クスター・イブン・ルーカーは、9世紀のイスラーム教徒の支配する土地で生きた、ギリシア系のキリスト教徒である[1][2]。ヒジュラ暦205年ごろバールベック(ヘリオポリスともいう)に生まれ、おもにアッバース朝のみやこバグダードで活動し、ヒジュラ暦300年にアルメニアで亡くなった[1][2]。生没年を西暦に換算すると、820年ごろに生まれ、912年から913年の間に亡くなったということになる[1]

職業は、医師、哲学者、天文学者、数学者、音楽家とされている[1]。アラビア語をはじめ、ギリシア語とシリア語に通じていた[2][3]。おそらくは若いころにビザンツ帝国領内に旅行して、ギリシア語で書かれた科学書を持ち帰った[4][5]。それらの翻訳や、既存の翻訳の訂正などをしたのち、バグダードに招聘され、カリフ・ムスタイーン(在位:862-866年)のために働いた[4]。バグダードではおそらくキンディーサービト・イブン・クッラと知り合ったものと考えられている[4]。キンディーとサービトはクスターの翻訳書の訂正や補完をしている[4]

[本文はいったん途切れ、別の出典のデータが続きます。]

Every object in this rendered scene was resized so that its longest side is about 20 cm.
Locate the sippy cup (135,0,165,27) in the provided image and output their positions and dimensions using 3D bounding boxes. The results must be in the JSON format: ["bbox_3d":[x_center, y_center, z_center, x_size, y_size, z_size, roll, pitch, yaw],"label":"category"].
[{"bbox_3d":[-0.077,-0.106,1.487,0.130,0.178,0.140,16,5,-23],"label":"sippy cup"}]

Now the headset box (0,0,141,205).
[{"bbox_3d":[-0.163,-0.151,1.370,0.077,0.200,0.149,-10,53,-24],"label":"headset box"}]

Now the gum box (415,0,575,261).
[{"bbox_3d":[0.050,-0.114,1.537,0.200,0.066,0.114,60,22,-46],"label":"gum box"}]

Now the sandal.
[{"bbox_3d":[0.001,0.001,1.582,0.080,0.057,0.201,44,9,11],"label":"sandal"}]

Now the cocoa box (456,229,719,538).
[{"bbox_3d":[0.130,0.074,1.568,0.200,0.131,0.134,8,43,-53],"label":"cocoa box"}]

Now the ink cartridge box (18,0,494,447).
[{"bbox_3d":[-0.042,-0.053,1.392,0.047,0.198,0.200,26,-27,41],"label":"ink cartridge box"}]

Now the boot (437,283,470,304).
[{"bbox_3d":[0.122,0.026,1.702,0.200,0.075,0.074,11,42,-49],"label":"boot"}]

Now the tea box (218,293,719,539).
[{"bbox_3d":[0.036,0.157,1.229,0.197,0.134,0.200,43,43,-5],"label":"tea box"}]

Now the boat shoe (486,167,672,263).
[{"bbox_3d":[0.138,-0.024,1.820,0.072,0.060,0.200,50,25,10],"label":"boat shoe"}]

クスターの活動は、非常に多くのパトロンに支えられていたことで知られている[2]。アッバース朝の王族のほか、政府高官や、キリスト教の司教など、パトロンは多様であった[2]。おそらくは865年よりも前に、アルメニアの支配者に勧誘を受けて移住した[4]。アルメニアでは翻訳よりも、医学や天文学や数学に関するさまざまな論文を書いた[1]。亡くなったときには王侯貴族や宗教指導者なみの立派な墓が築かれるという名誉を受けた[1]

クスターの伝記的情報の情報源は、おもに10世紀のナディームの『目録の書(フィフリスト)』や13世紀のキフティーの『学者列伝』、イブン・アビー・ウサイビアの『医師列伝』である[4][2]。クスターの翻訳書の扱う分野は医学、天文学、数学など多岐にわたるが、ナディームによると、とりわけ医学に関するクスターの権威は、フナイン・イブン・イスハークを凌駕するという[2]

メルキト教会のキリスト教徒だったクスターはアルメニアにいたころに、天文学者のアブー・イーサー・イブン・ムナッジムにイスラームへの改宗を勧める書簡を受け取っている[6]。同じくキリスト教徒だったフナイン・イブン・イスハークも、イブン・ムナッジムから、同様に改宗を勧める書簡を受け取っており、これらの書簡とクスター、フナインそれぞれの断りの返事が写本で残されている[6]
著作

Gabrieli, G. (1912) によると、翻訳書が17冊、論文が69本あるという[1][2]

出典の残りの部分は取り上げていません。